__Dataset entries__
★ ★ ★

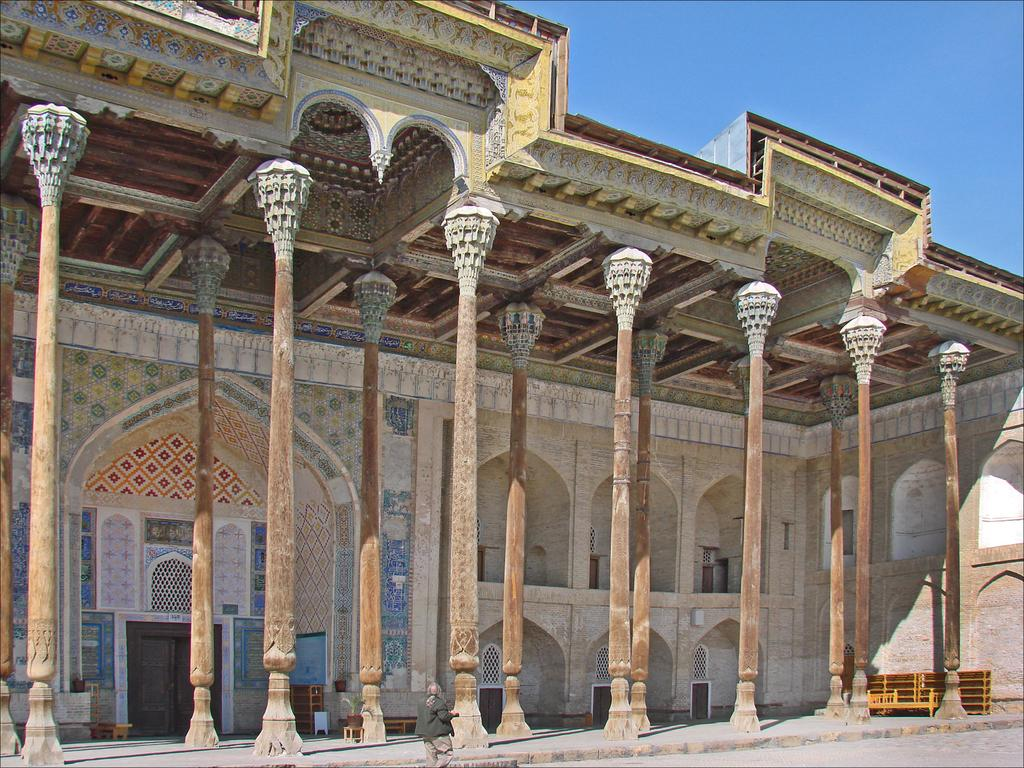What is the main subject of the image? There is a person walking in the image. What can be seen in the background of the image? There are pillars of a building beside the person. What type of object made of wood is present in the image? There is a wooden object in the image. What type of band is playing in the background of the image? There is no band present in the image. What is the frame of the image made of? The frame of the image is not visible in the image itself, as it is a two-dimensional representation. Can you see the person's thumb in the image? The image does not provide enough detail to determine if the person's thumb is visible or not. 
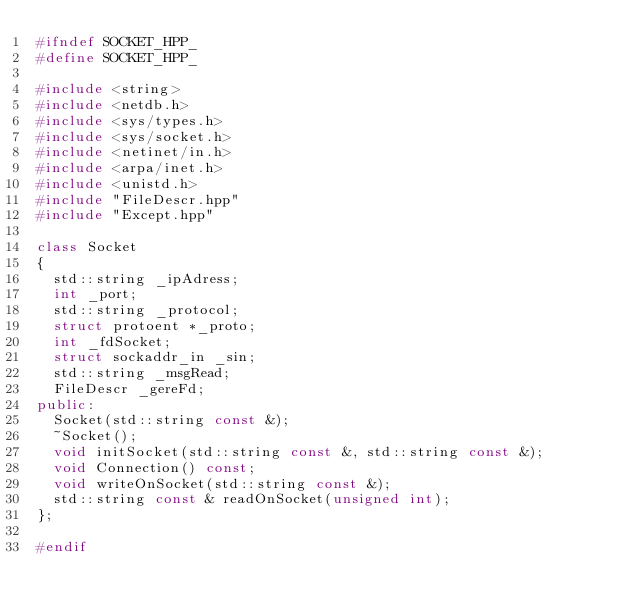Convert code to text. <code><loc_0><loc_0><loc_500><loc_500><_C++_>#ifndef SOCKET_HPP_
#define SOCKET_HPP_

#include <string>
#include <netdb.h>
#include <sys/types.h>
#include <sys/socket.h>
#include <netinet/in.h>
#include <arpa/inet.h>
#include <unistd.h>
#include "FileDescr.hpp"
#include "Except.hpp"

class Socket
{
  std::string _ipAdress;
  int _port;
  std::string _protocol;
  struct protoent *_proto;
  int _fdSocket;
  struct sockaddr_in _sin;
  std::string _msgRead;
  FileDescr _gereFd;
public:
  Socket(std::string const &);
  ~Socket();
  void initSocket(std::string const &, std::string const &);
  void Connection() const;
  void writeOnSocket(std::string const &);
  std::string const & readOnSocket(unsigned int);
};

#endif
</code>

★ ★ ★

__EXERCISE OBJECTIVE__
Write out the records exactly. Do not carry the pictures over.

__RESPONSE FOR THIS EXERCISE__
What is the main subject of the image? There is a person walking in the image. What can be seen in the background of the image? There are pillars of a building beside the person. What type of object made of wood is present in the image? There is a wooden object in the image. What type of band is playing in the background of the image? There is no band present in the image. What is the frame of the image made of? The frame of the image is not visible in the image itself, as it is a two-dimensional representation. Can you see the person's thumb in the image? The image does not provide enough detail to determine if the person's thumb is visible or not. 
Convert code to text. <code><loc_0><loc_0><loc_500><loc_500><_C++_>#ifndef SOCKET_HPP_
#define SOCKET_HPP_

#include <string>
#include <netdb.h>
#include <sys/types.h>
#include <sys/socket.h>
#include <netinet/in.h>
#include <arpa/inet.h>
#include <unistd.h>
#include "FileDescr.hpp"
#include "Except.hpp"

class Socket
{
  std::string _ipAdress;
  int _port;
  std::string _protocol;
  struct protoent *_proto;
  int _fdSocket;
  struct sockaddr_in _sin;
  std::string _msgRead;
  FileDescr _gereFd;
public:
  Socket(std::string const &);
  ~Socket();
  void initSocket(std::string const &, std::string const &);
  void Connection() const;
  void writeOnSocket(std::string const &);
  std::string const & readOnSocket(unsigned int);
};

#endif
</code>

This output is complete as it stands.